_Activity:_ The output should be the listing below, limited to the lines from the one with "Given: Point to" through the one with "Select the list", exact and without pictures.

_Source data:_
Segment Open

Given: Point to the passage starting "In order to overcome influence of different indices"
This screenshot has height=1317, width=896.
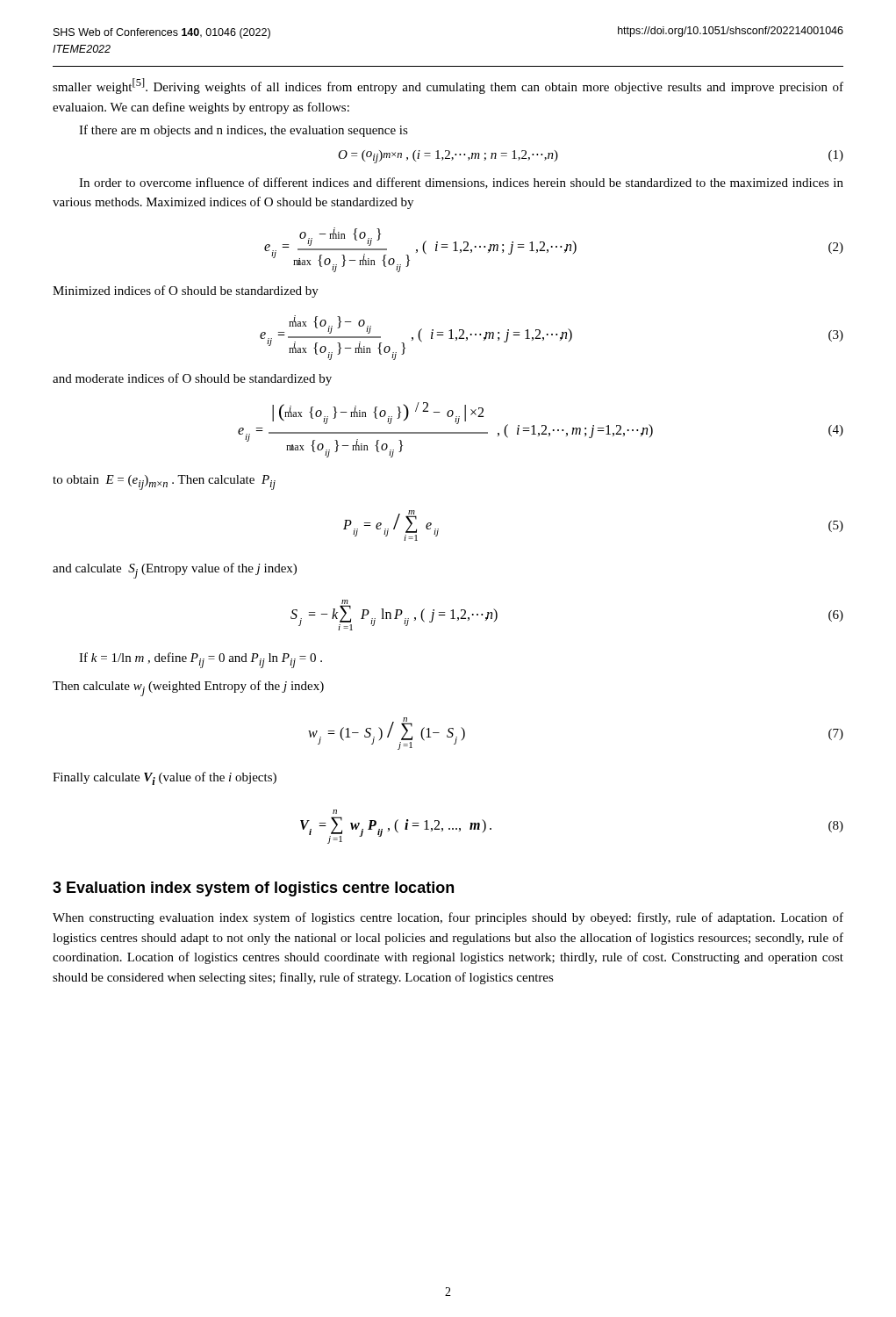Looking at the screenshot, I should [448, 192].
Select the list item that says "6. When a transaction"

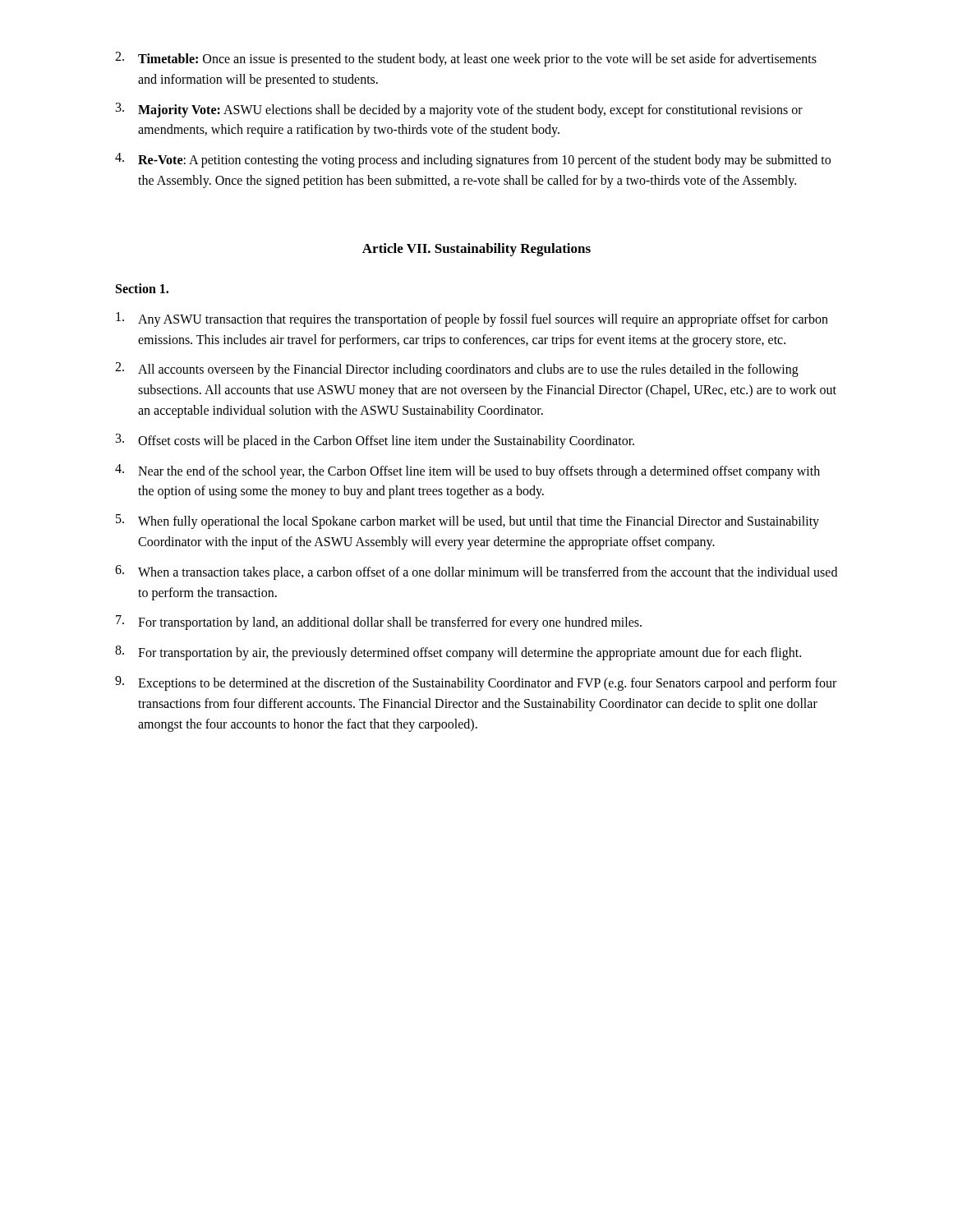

Segment Closed
Segment Open

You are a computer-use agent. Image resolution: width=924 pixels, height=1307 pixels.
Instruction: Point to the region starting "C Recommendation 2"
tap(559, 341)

Segment Closed
Segment Open

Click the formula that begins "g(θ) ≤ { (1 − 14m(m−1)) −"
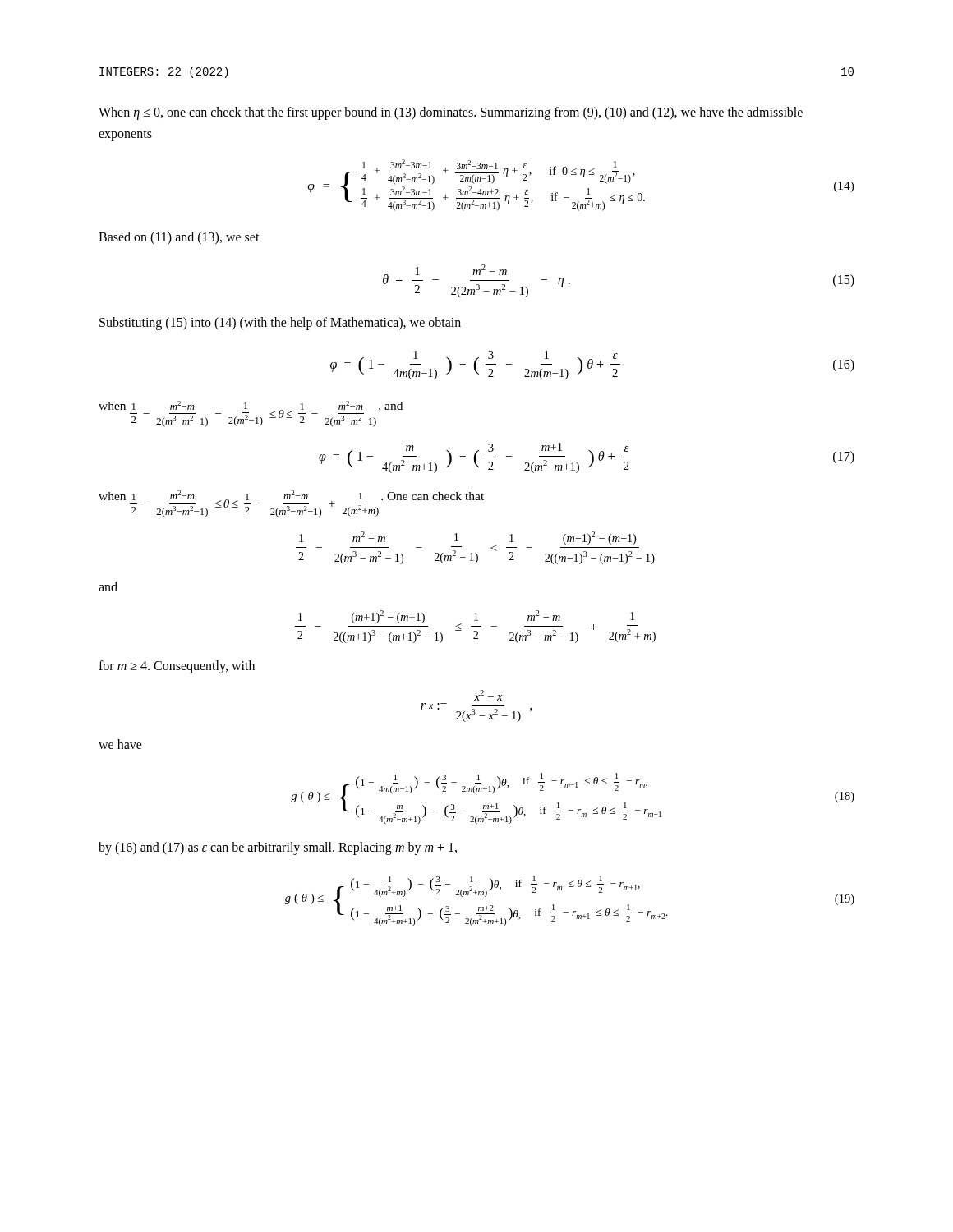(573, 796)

Segment Closed

_Task result:_
Given: Point to the passage starting "In order to overcome influence of different indices"
This screenshot has height=1317, width=896.
Looking at the screenshot, I should [448, 192].
Select the list item that says "6. When a transaction"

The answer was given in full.